The film is divided into chapters, each heralded by a title card that acts as a hint of the events that will come after. It seems like a gimmick used to make one sequence transition into the next but is also a neat structural device that gives the film an 18th century novelesque quality. The kinetic camera often dollying in and out on the action with a generous use of wide-angle shots is a counterpoint to the old-fashioned title cards, emphasizing that this isn’t your run-of-the-mill period piece. The wide-angle shots, in particular, function as a tool to enhance the space in the film, playing up its vastness in one shot, especially crucial in a movie that has so much visual texture. It is primarily set in a Jacobean prodigy house, replete with mullioned windows and furnished with Baroque-style wallpapers and paintings. Excess is the overarching theme of the set, from the food to the vases, to the shrubs that adorn the extensive greenery outside the Palace.
However, the conflict happens within the Palace premises. Though internal discord in the royal abode echoes the schism between the two parliamentary parties Whigs and Tories, the story really focuses on the triangle of power play between the Queen, Duchess, and Abigail. Political and personal arenas do overlap but this is not a simple tale of rags to riches. Abigail’s ascent was carefully engineered from the beginning. “If I were a man, I would ravish you,” Abigail tells the Queen. It’s a line that gives away Abigail’s Janus-faced character. What the Queen took as a ravish as in to consume after being overcome with great emotion has a dual reading of ravish as in to take away by violence, to plunder and steal.

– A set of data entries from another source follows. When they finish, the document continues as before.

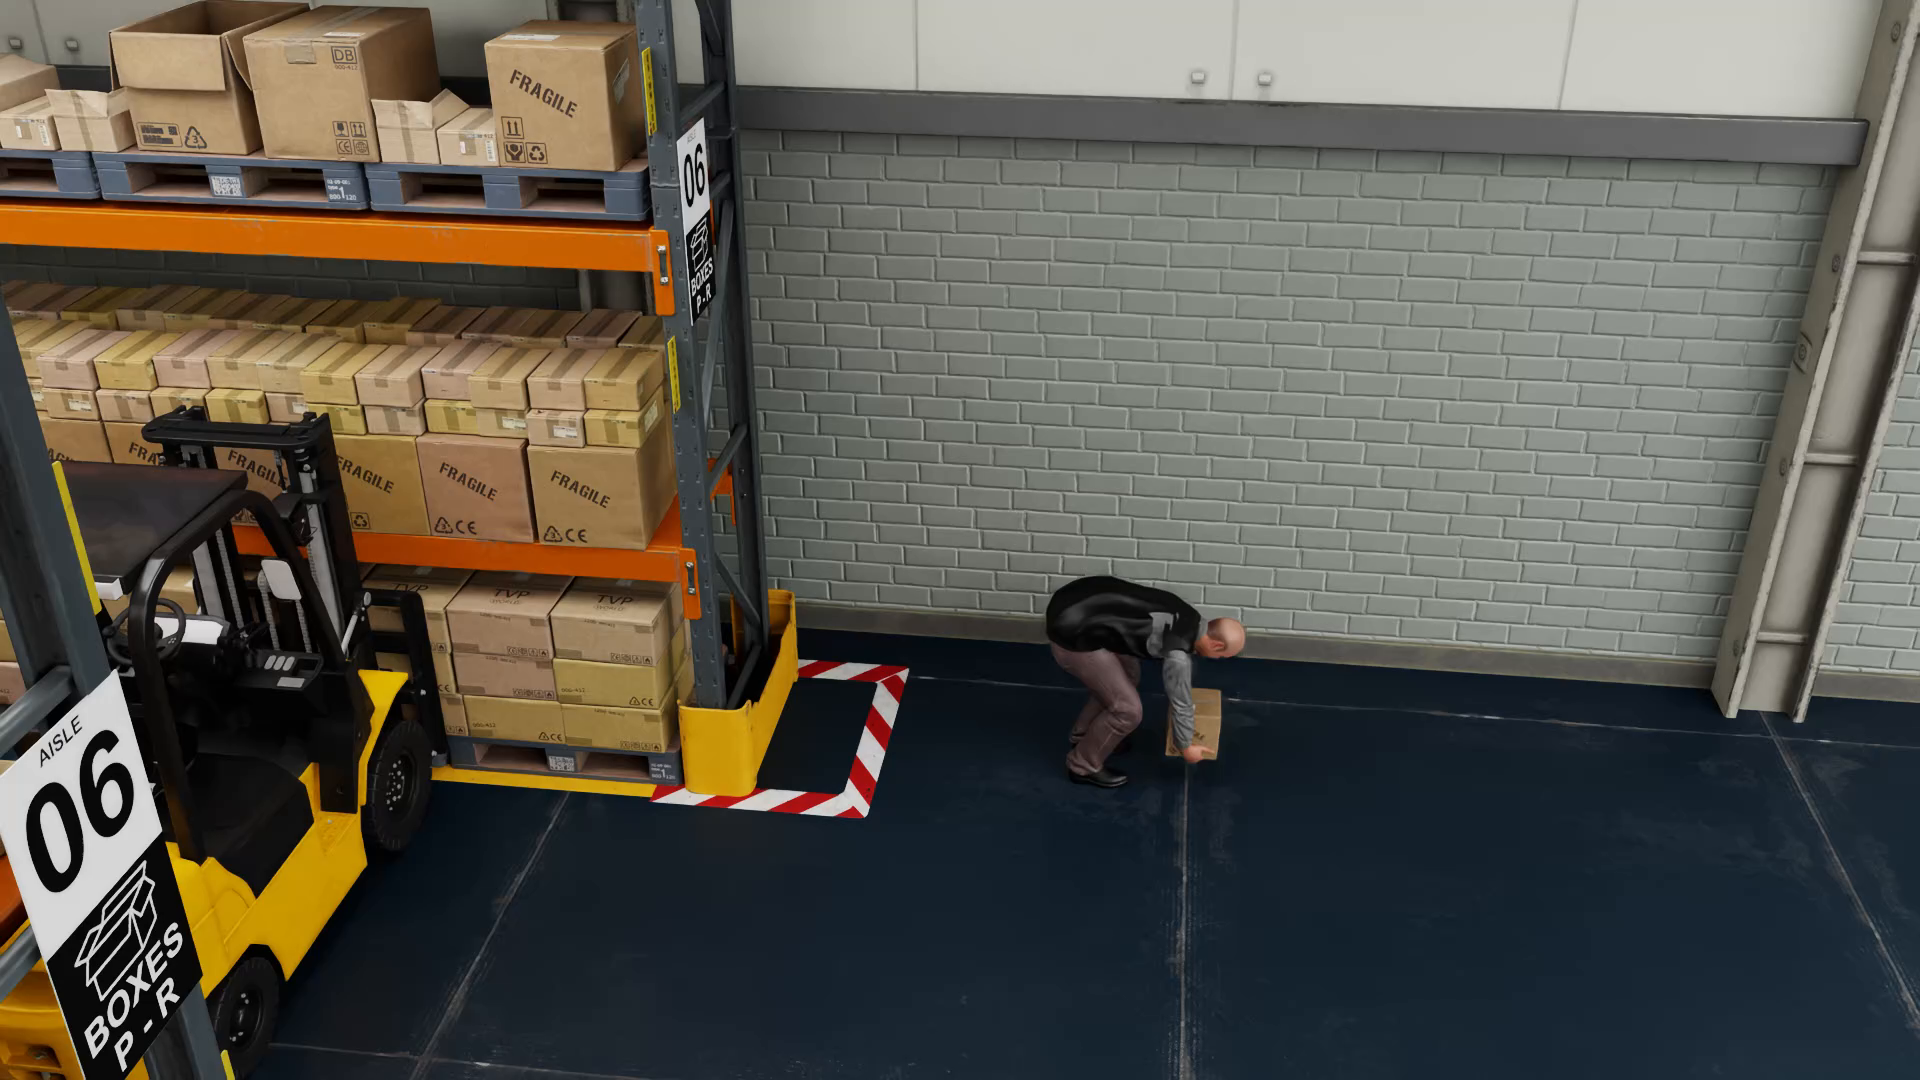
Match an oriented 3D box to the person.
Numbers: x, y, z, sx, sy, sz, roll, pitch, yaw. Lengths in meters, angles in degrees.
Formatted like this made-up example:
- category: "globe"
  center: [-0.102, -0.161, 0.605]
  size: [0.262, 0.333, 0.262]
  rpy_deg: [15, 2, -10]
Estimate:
- category: "person"
  center: [0.888, 0.677, 8.103]
  size: [0.955, 1.043, 0.492]
  rpy_deg: [2, 28, 4]

It’s especially gratifying to watch a director famous for his use of dark comedy, eerie music, stilted dialogue, and offbeat framing to tackle a genre as rictus with tradition as the period film. Equally refreshing is how Lanthimos tackles gender. During an unexpected midnight visit to her chambers, Abigail asks Baron Masham, “Are you here to seduce me or rape me?” “I’m a gentleman,” Masham says. “So, rape then.” As is typical of classic novel narratives, Abigail marries the gentleman, an advantageous move for her, as she becomes a baroness and doesn’t have to live in fear of moving down a rung in society. However, the most interesting character that subverts her gender role is the Duchess of Marlborough. She dresses in structured, masculine-leaning clothes, she is adept at using guns, and is the political backbone of the monarchy. She also sees through Abigail’s act right away.

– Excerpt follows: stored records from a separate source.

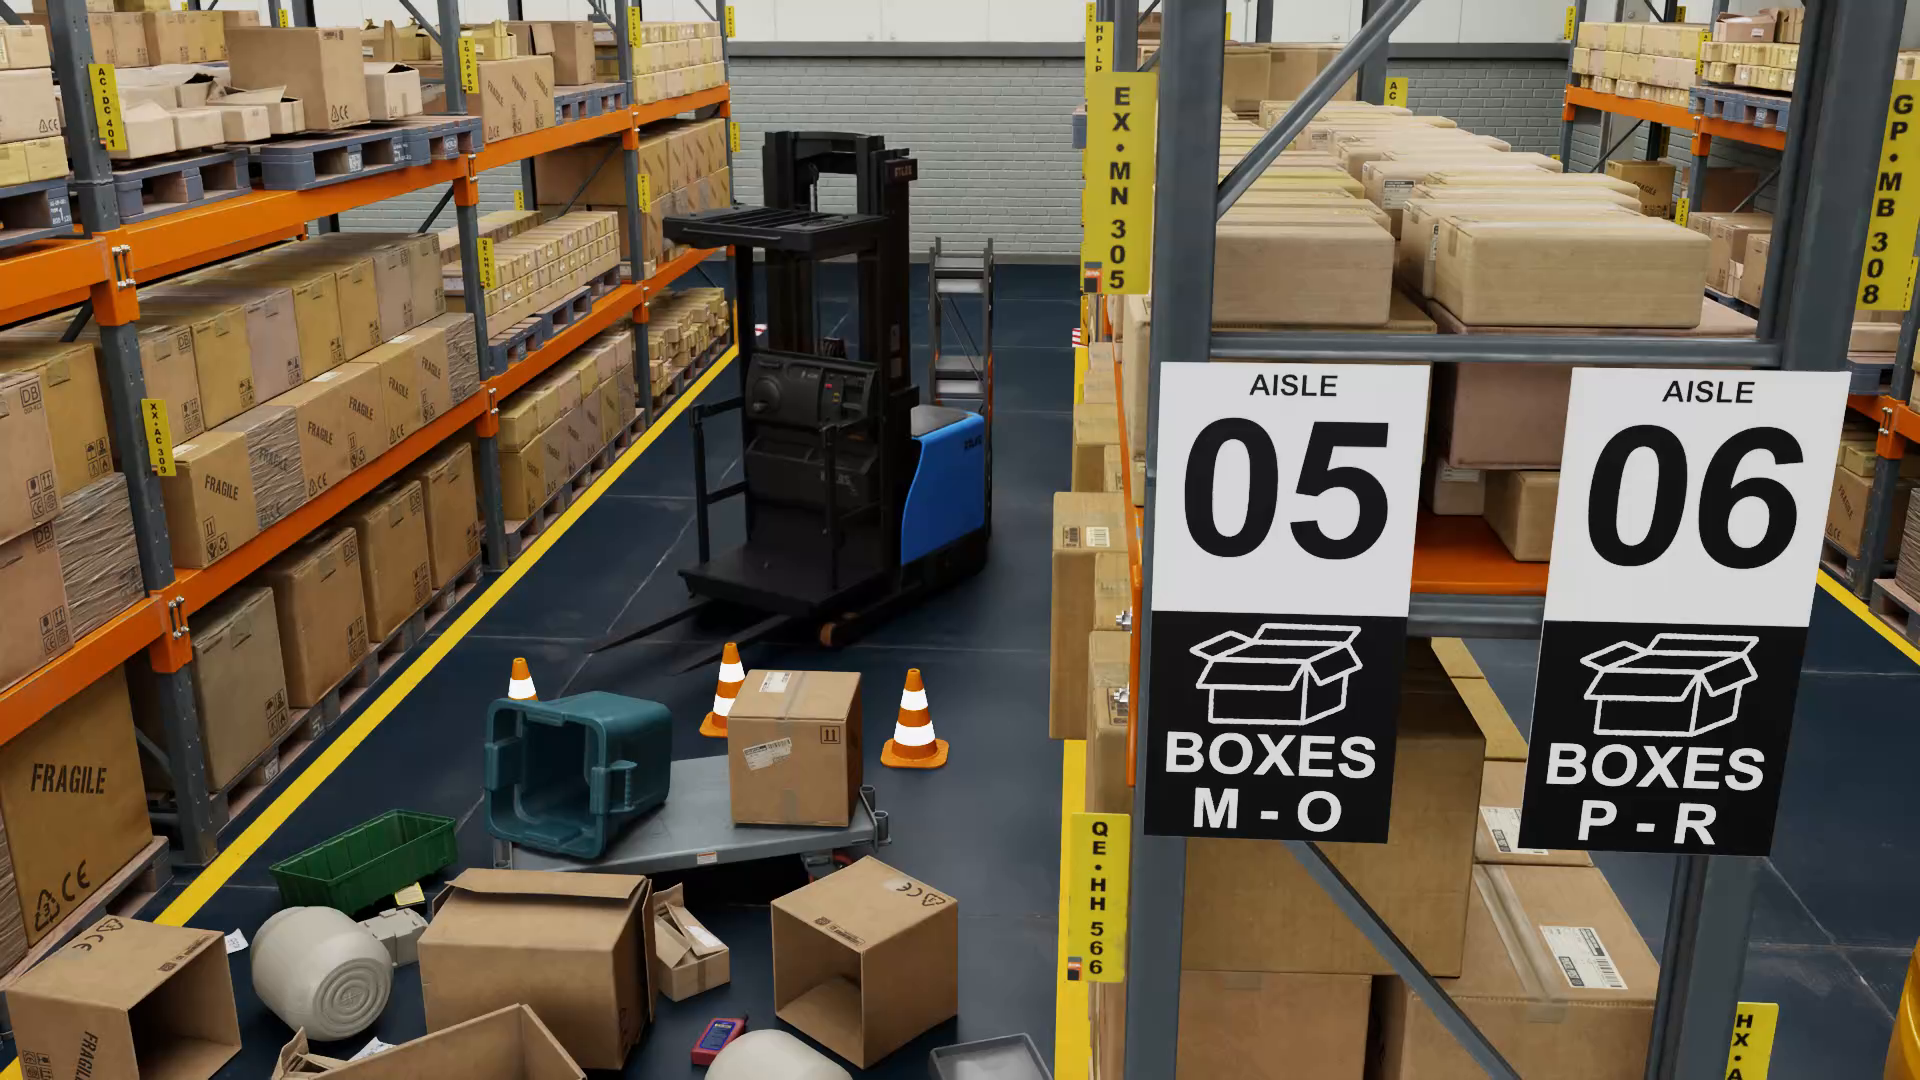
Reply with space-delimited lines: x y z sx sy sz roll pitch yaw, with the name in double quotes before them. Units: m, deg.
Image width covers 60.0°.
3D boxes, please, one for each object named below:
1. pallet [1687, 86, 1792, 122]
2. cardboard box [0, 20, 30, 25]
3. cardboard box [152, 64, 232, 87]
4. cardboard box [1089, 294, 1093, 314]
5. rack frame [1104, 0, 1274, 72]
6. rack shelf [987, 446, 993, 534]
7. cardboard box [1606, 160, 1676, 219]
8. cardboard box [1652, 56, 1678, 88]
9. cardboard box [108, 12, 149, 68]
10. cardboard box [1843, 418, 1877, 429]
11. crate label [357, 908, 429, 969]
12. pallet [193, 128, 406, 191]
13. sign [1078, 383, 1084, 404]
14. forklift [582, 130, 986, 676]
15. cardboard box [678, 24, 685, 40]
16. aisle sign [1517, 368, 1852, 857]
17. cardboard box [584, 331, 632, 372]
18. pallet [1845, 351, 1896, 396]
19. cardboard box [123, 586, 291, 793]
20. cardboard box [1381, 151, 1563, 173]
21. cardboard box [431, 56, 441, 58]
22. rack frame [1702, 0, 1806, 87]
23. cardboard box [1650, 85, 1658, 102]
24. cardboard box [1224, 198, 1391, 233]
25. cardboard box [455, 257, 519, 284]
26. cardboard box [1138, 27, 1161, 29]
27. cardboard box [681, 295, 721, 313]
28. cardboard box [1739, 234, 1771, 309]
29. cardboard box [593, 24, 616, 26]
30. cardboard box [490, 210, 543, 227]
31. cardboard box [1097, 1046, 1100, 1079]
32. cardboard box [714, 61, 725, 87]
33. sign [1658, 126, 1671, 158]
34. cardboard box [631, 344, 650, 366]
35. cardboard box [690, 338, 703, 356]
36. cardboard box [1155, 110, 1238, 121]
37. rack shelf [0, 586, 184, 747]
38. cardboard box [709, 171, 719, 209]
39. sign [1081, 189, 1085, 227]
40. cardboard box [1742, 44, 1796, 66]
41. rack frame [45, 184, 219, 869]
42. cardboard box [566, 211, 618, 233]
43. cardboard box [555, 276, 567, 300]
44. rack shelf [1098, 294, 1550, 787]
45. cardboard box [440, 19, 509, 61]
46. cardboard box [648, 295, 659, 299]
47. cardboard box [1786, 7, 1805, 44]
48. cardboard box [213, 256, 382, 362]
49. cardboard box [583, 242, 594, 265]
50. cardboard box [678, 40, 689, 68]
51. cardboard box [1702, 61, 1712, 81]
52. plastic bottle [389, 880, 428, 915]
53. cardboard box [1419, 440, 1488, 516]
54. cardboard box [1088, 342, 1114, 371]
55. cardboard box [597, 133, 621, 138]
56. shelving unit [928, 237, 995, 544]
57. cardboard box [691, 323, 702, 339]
"pallet" 6.484 -3.417 13.017 1.213 0.211 1.003 1 18 4
"cardboard box" -8.266 -4.105 13.980 0.700 0.500 0.500 2 18 5
"cardboard box" -3.926 -2.323 8.686 0.500 0.311 0.500 1 18 3
"cardboard box" 1.194 -1.790 12.007 0.500 0.250 0.500 1 18 2
"rack frame" 1.363 -4.000 9.678 1.000 3.000 0.127 1 18 4
"rack shelf" 0.012 -0.371 11.975 0.431 0.518 0.480 1 18 4
"cardboard box" 6.479 -3.349 15.887 0.500 0.500 0.500 2 18 5
"cardboard box" 6.413 -4.094 14.546 0.500 0.250 0.500 1 18 2
"cardboard box" -8.196 -4.744 15.770 0.700 0.500 0.500 2 18 7
"cardboard box" 6.213 -0.765 11.740 0.380 0.149 0.250 2 18 6
"crate label" -2.318 1.618 6.765 0.298 0.136 0.250 -13 22 -34
"pallet" -3.652 -2.015 8.742 1.003 0.211 1.213 2 18 6
"sign" 0.522 -0.468 6.675 0.100 0.325 0.005 1 18 4
"forklift" -1.031 -0.905 9.978 1.130 2.935 3.031 11 21 30
"cardboard box" -2.871 -4.907 16.060 0.380 0.149 0.250 1 18 2
"aisle sign" 1.094 0.127 2.544 0.394 0.787 0.004 1 18 4
"cardboard box" -3.096 -1.601 14.129 0.500 0.250 0.500 1 18 2
"pallet" 6.293 -1.160 10.954 1.213 0.211 1.003 1 18 4
"cardboard box" -3.913 0.689 7.941 1.050 0.750 0.750 1 18 4
"cardboard box" 1.215 -0.845 3.989 0.380 0.149 0.250 2 18 5
"cardboard box" -3.731 -3.195 11.878 0.500 0.500 0.500 1 18 4
"rack frame" 6.601 -5.132 13.134 1.000 3.000 0.127 1 18 4
"cardboard box" 6.451 -4.024 14.971 0.380 0.149 0.250 2 18 6
"cardboard box" 0.576 -0.540 3.060 0.380 0.149 0.250 2 18 5
"cardboard box" -3.317 -1.890 11.646 0.380 0.149 0.250 1 18 4
"cardboard box" 1.244 -3.133 11.015 0.700 0.500 0.500 0 18 1
"cardboard box" -2.760 -2.510 17.714 0.380 0.149 0.250 1 18 3
"cardboard box" 6.250 -1.979 12.310 0.700 0.500 0.500 1 18 4
"cardboard box" -3.480 -4.836 15.845 0.380 0.149 0.250 1 18 3
"cardboard box" -3.782 -2.721 14.184 0.380 0.149 0.250 2 18 7
"cardboard box" 0.546 1.408 4.304 0.380 0.149 0.250 2 18 6
"cardboard box" -2.777 -4.920 17.543 0.500 0.250 0.500 1 18 3
"sign" 7.440 -4.206 17.574 0.100 0.325 0.005 1 18 4
"cardboard box" -3.063 -1.700 15.243 0.380 0.149 0.250 2 18 6
"cardboard box" -2.860 -1.985 17.068 0.380 0.149 0.250 2 18 5
"cardboard box" 0.711 -1.338 5.494 0.380 0.149 0.250 1 18 2
"rack shelf" -4.012 0.977 5.278 1.077 0.370 4.000 1 18 4
"cardboard box" -2.826 -3.596 17.443 0.500 0.500 0.500 1 18 3
"sign" 1.096 -2.852 14.292 0.100 0.325 0.005 1 18 4
"cardboard box" 6.141 -3.650 12.519 0.380 0.149 0.250 1 18 3
"rack frame" -3.868 0.014 7.062 1.000 3.000 0.127 1 18 4
"cardboard box" -3.129 -2.704 14.132 0.380 0.149 0.250 2 18 6
"cardboard box" -3.235 -1.935 12.741 0.380 0.149 0.250 1 18 2
"rack shelf" 0.933 -0.369 4.570 1.077 0.370 4.000 1 18 4
"cardboard box" -3.241 -3.344 11.105 0.396 0.266 0.258 1 18 4
"cardboard box" -3.430 -2.521 17.749 0.380 0.149 0.250 1 18 4
"cardboard box" 6.662 -3.993 12.901 0.396 0.266 0.258 1 18 4
"cardboard box" -3.693 -1.295 9.291 0.700 0.500 0.500 1 18 3
"cardboard box" -3.180 -2.320 13.437 0.380 0.149 0.250 1 18 2
"cardboard box" -2.910 -4.681 16.013 0.500 0.250 0.500 0 18 2
"cardboard box" 6.183 -3.751 13.304 0.380 0.149 0.250 2 18 5
"plastic bottle" -2.383 1.530 7.155 0.133 0.061 0.283 -9 20 -25
"cardboard box" 1.067 -0.150 3.148 0.380 0.149 0.250 1 18 2
"cardboard box" 0.828 -0.439 6.201 0.700 0.500 0.500 1 18 3
"cardboard box" -3.448 -3.606 15.866 0.500 0.500 0.500 2 18 5
"shelving unit" 0.012 -1.049 11.753 0.431 2.100 0.503 1 18 4
"cardboard box" -2.858 -2.127 17.022 0.380 0.149 0.250 2 18 7

Her relationship with Queen Anne is one of genuine love, and the nitty-gritties that come with that are beautifully played out in the film. The Queen says love has its limits, to which the Duchess retorts, “It should not.” And that really is the core of the film, more salient even than the nuances of gender in the 18th century. A particularly touching scene in this regard, takes place at the bathtub when the two pretend to be two mustachioed men. It’s so simple but it’s one of the details in The Favourite that bring these historical characters an accessible, more human quality.
The Favourite is a film that is characteristically Lanthimosian but treads new ground for the director. It’s a new take on the period film that is irreverent to the codes of the genre. From its use of camera and space, the hilariously snarky dialogue, and the truly pleasurable performances, it plunges you headfirst to a completely delightful cinematic experience.